WHAT IS REQUIRED.
From the entries that follow, copy exactly the lines beginning at the line holding "Units: m, deg. One object per line." and continuing through the line holding "- person <box>640,426,716,686</box>".

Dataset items
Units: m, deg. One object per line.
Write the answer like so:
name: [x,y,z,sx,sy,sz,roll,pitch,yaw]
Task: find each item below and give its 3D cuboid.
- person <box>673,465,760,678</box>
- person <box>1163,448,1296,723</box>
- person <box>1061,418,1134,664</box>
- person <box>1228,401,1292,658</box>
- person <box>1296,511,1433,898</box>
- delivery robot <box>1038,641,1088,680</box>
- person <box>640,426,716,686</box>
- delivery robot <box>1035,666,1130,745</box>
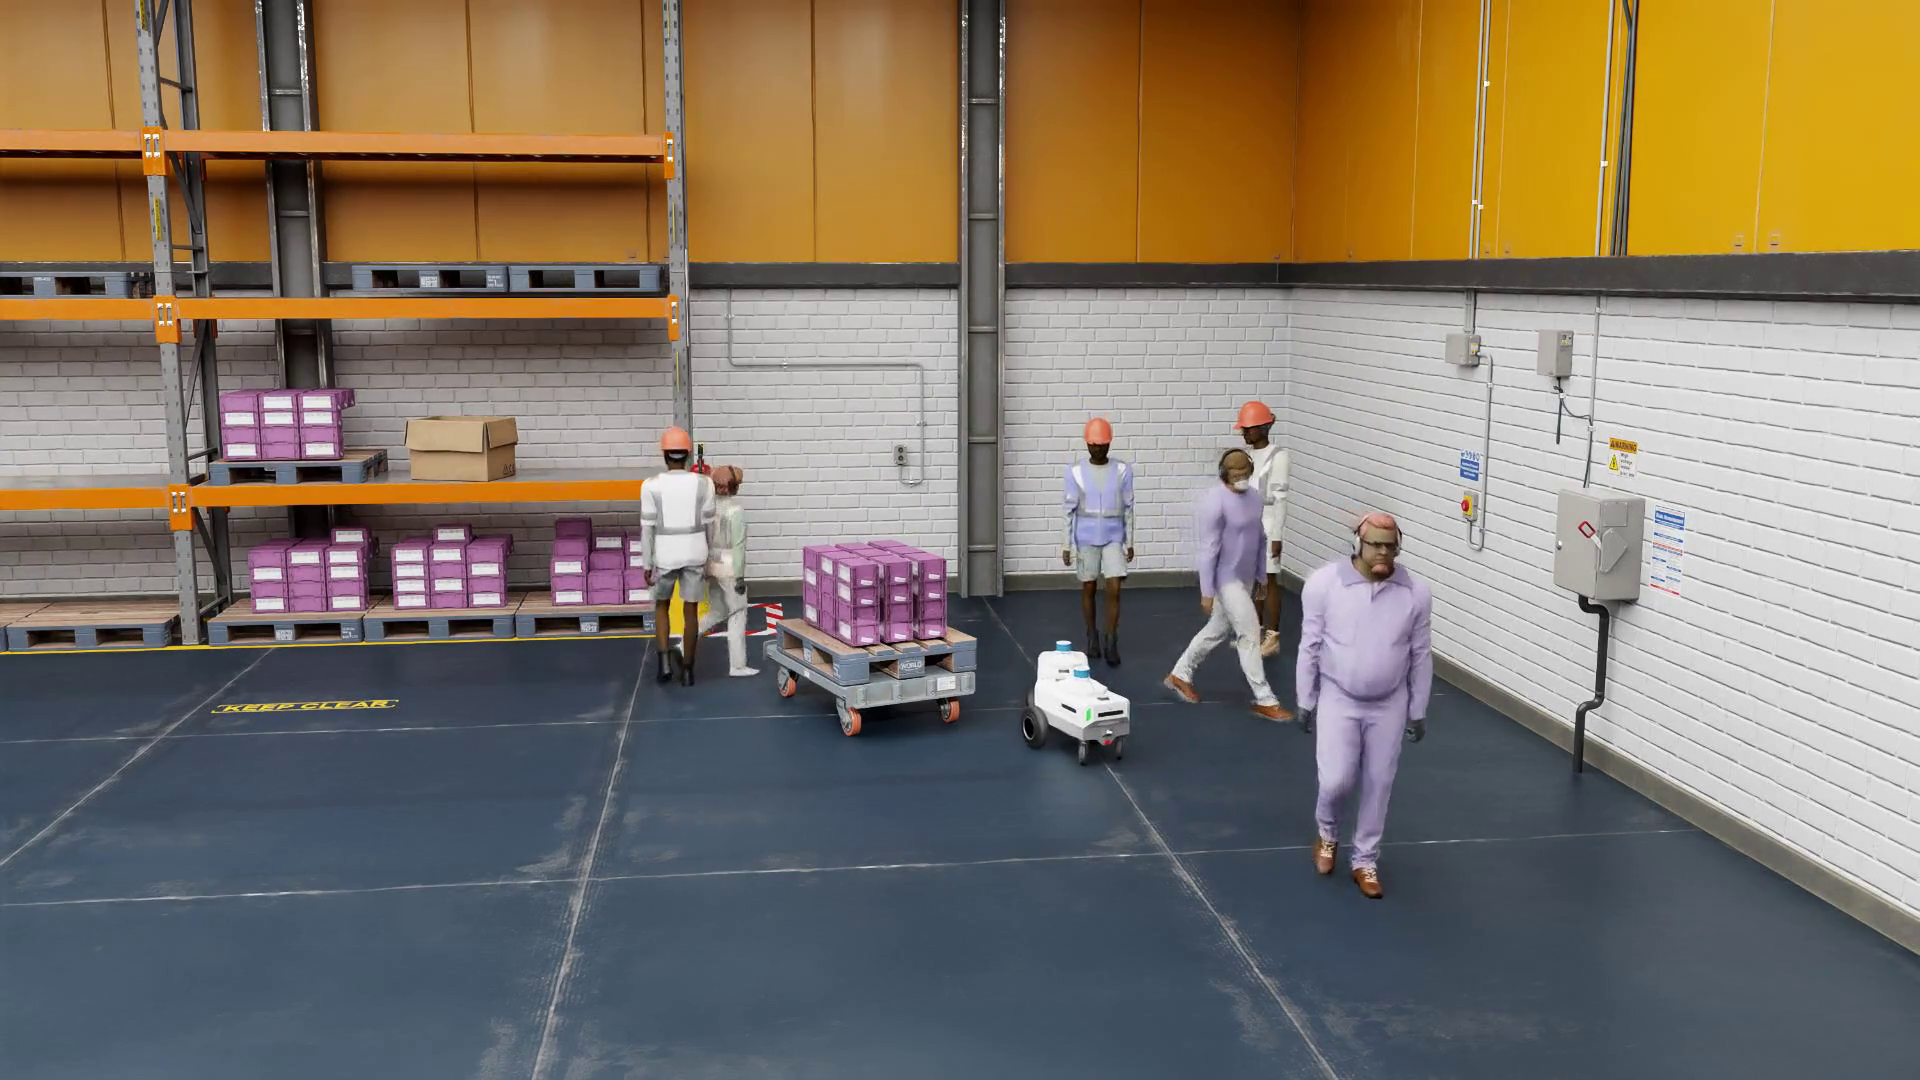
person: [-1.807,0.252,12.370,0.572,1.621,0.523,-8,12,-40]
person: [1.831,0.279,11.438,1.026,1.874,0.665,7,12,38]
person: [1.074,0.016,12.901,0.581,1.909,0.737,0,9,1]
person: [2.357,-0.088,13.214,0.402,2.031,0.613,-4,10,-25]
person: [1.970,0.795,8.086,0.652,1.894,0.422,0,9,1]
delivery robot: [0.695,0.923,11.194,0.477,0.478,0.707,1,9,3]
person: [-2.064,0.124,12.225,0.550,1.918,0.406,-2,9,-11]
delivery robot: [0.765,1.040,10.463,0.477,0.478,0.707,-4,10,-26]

...

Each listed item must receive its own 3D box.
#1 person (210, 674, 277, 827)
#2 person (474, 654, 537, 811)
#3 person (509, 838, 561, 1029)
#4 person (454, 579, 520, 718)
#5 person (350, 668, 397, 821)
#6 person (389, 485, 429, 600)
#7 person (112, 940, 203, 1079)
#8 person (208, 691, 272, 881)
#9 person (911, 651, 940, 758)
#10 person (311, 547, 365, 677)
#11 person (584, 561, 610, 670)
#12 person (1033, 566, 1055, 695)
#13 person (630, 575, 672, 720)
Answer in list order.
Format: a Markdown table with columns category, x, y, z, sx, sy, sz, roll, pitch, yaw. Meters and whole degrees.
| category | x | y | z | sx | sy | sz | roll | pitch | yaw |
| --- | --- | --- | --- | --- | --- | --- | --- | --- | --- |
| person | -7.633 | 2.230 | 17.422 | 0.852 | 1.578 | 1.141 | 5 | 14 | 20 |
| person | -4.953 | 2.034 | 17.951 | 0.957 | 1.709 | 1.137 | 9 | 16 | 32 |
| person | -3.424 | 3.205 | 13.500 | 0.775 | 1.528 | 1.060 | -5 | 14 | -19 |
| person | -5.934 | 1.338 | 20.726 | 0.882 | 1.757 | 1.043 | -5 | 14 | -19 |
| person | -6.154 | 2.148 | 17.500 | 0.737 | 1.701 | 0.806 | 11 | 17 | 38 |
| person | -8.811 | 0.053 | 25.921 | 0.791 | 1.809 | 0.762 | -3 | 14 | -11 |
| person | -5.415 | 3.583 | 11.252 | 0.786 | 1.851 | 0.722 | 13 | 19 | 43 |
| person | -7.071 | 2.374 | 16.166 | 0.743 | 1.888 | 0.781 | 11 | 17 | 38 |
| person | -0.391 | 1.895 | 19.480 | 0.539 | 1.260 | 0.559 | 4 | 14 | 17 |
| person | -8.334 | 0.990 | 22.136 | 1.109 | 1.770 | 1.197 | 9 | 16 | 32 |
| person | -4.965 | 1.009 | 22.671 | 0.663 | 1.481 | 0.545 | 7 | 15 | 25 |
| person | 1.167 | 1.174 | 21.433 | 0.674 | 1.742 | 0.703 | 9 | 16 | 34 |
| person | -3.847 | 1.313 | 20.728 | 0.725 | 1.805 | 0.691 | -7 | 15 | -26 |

==

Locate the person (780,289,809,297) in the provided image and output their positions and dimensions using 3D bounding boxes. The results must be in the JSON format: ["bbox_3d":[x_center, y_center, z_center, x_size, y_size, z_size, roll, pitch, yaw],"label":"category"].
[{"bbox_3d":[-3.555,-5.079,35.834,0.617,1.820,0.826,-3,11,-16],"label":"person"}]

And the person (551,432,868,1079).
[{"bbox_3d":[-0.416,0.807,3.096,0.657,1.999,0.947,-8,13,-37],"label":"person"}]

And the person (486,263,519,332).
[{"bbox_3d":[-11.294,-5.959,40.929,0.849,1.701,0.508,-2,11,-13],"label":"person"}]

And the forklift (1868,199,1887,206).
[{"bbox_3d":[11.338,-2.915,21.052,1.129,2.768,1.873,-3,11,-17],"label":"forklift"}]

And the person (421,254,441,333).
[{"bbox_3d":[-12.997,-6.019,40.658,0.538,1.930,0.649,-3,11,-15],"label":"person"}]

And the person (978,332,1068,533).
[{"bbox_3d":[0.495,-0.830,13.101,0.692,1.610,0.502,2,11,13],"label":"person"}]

WORKED SOLUTION.
Units: m, deg. One object per line.
Write the answer like so:
name: [x,y,z,sx,sy,sz,roll,pitch,yaw]
Task: find each item below and give its 3D cuboid.
- person <box>673,465,760,678</box>
- person <box>1163,448,1296,723</box>
- person <box>1061,418,1134,664</box>
- person <box>1228,401,1292,658</box>
- person <box>1296,511,1433,898</box>
- delivery robot <box>1038,641,1088,680</box>
- person <box>640,426,716,686</box>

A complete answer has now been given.